The width of the spacer measured along the width direction of the second electrode may be greater than the distance between the second electrodes, and the second electrodes may form a recess for accommodating the spacer and the resistance layer corresponding to the spacer mounting portion. The resistive layer may have a specific resistance of 10 ⁶ to 10 ¹² Ωcm.

A display device according to the present invention includes a display panel for displaying an image, a light emitting device for providing light to the display panel, the light emitting device comprising: a vacuum container including a first substrate, a second substrate, and a sealing member; An electron emission unit provided on an inner surface of the first substrate and including drive electrodes and electron emission portions, a light emitting unit provided on an inner surface of the second substrate, a plurality of spacers mounted between the first substrate and the second substrate; And a resistance layer electrically connected to at least one of the driving electrodes while surrounding the spacer on the first substrate.

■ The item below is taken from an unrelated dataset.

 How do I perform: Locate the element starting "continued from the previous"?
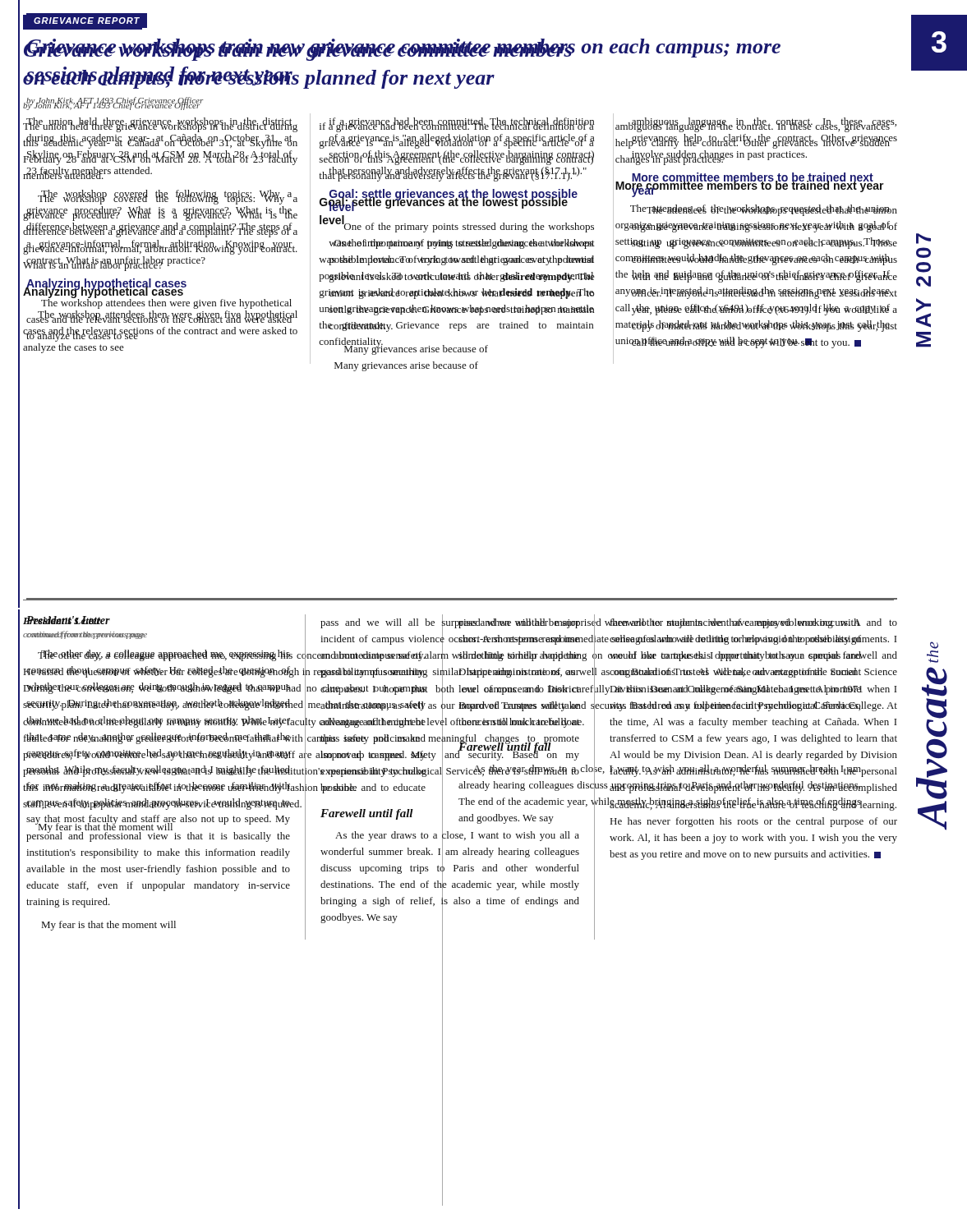[x=87, y=634]
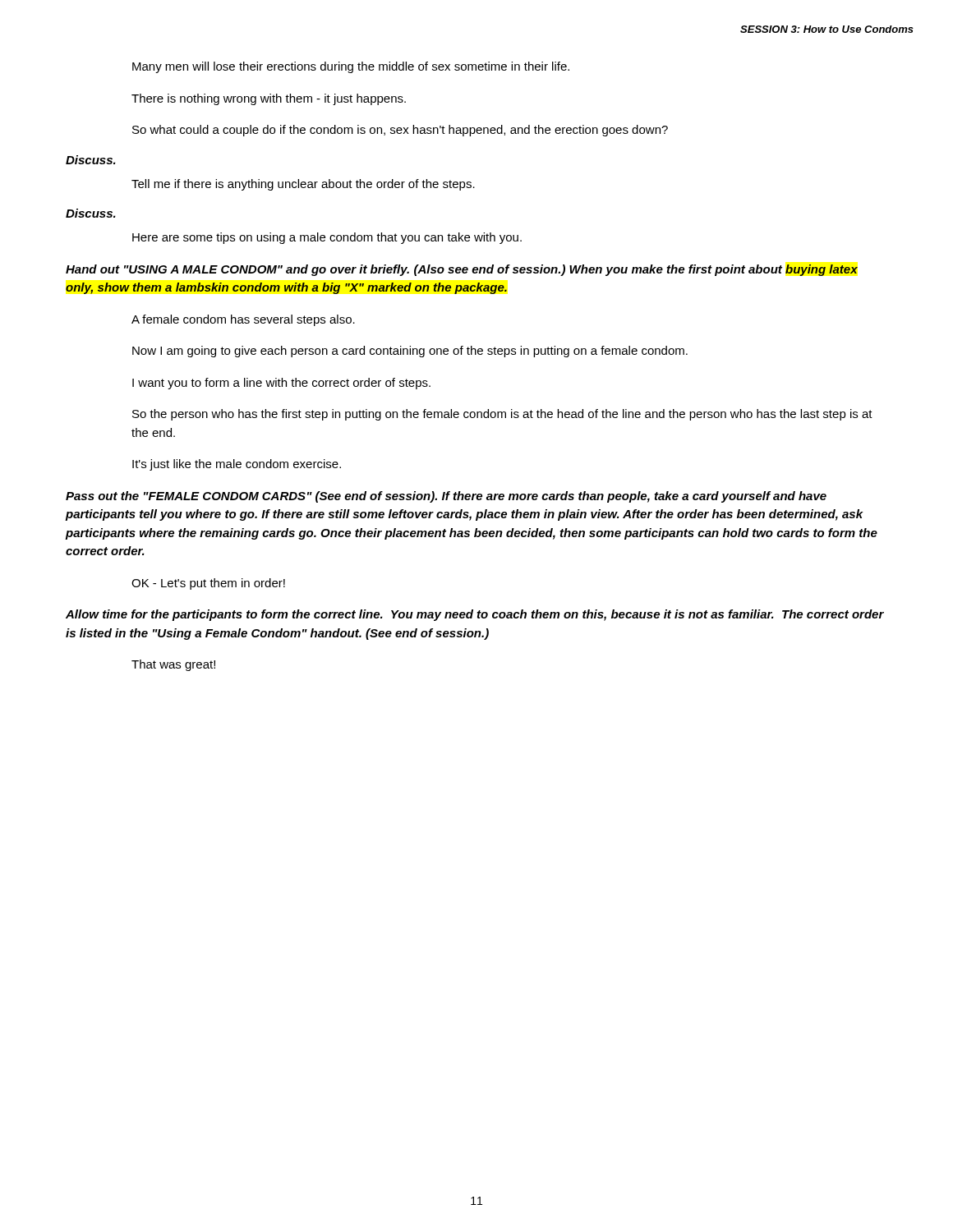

When the display panel includes the first pixels, the light emitting device may include a smaller number of second pixels than the first pixels, and may independently control the light emission intensity for each second pixel. The display panel may be a liquid crystal display panel.

Hereinafter, exemplary embodiments of the present invention will be described in detail with reference to the accompanying drawings so that those skilled in the art may easily implement the present invention. As those skilled in the art would realize, the described embodiments may be modified in various different ways, all without departing from the spirit or scope of the present invention.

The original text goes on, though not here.